Subgroups of $A_5$ have order at most $12$?

Question

How does one prove that any proper subgroup of $A_5$ has order at most $12$?

I have seen that there are $24$ $5$-cycles and $20$ $3$-cycles. What do the other members of $A_5$ look like?

Answer 1

Zach's comment gives a good hint for the canonical solution.

The cycle structure of a non-trivial element of $A_5$ is either $5$, $3$, or $2$-$2$. If you've got a $5$-cycle $a$ multiplied by a $3$-cycle $b$ for which $ab$ is a $5$-cycle, then $ab^2$ will be of type $2$-$2$ and thus have order $2$, so there can be no subgroup of order $15$. For a subgroup $H$ of order $20$, note first no $4$-cycles exist in $A_5$, so a Sylow $2$-subgroup $H_2\in \operatorname{Syl}_2(H)$ must be a Klein $V$ group. Then a Sylow $5$-subgroup $H_5\in\operatorname{Syl}_5(H)$ is not normal in $H$, as this would require that $H_2$ embed into $\operatorname{Aut}(H_5)\cong \mathbb{Z}_4$. But noting that $n_5$ should divide $[H:H_5] = 4$ and $n_5\equiv 1\pmod 5$ we see by Sylow's theorem that $H_5$ should be normal in $H$, so this is a contradiction.

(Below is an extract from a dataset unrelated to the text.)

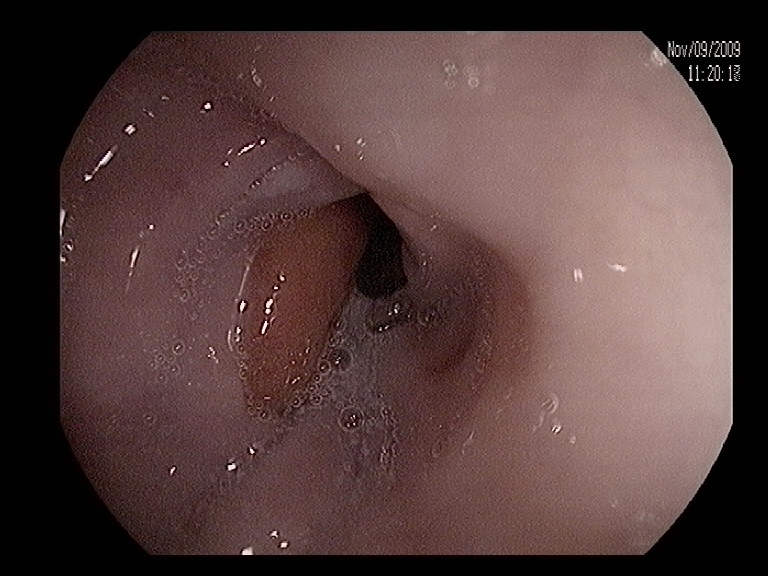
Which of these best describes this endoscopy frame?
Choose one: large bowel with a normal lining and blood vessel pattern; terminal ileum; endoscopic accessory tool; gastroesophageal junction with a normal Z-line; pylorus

Here's a fun alternative proof. The only (proper) divisors of $|A_5|=60=2^2\cdot 3\cdot 5$ greater than $12$ are $15=3\cdot 5, 20=2^2\cdot 5,$ and $30=2\cdot 3 \cdot 5$. Any subgroup of index $2$ is necessarily normal, and groups whose order is the product of three primes are solvable, so since $A_5$ is not solvable so it may not contain a subgroup of order $30$. If $H$ is a subgroup of order $15$, then $H$ is cyclic, but an easy computation shows that in $A_5$ elements of order $5$ and elements of order $3$ do not commute. Therefore it remains to be shown that $A_5$ can't have a subgroup of order $20$.

Now, notice that $A_5$ does have a subgroup $K$ of order $12$ - in particular, $K$ is an isomorphic copy of $A_4$. Suppose that there exists a $J\leqslant A_5$ of order $20$ and notice that $[A_5:J]$ and $[A_5:K]$ are coprime. Then $A_5=JK$ and $[J:J\cap K]=[A_5:K]$. So $|J\cap K|=4$. Thus $J\cap K\in\operatorname{Syl}_2(J)\cap\operatorname{Syl}_2(K)$. We observe that any $H_3\in\operatorname{Syl}_3(K)$ normalizes $J \cap K$, and in particular, $H_3$ acts fixed point freely on $J \cap K$. We see that the Sylow $5$-subgroup $H_5$ of $J$ must normal in $J$, so $J\cap K$ acts nontrivially on $H_5$. It follows that $H_3$ acts faithfully on $H_5$, but this is impossible since $\operatorname{Aut}(H_5)$ has order $4$. This completes the proof.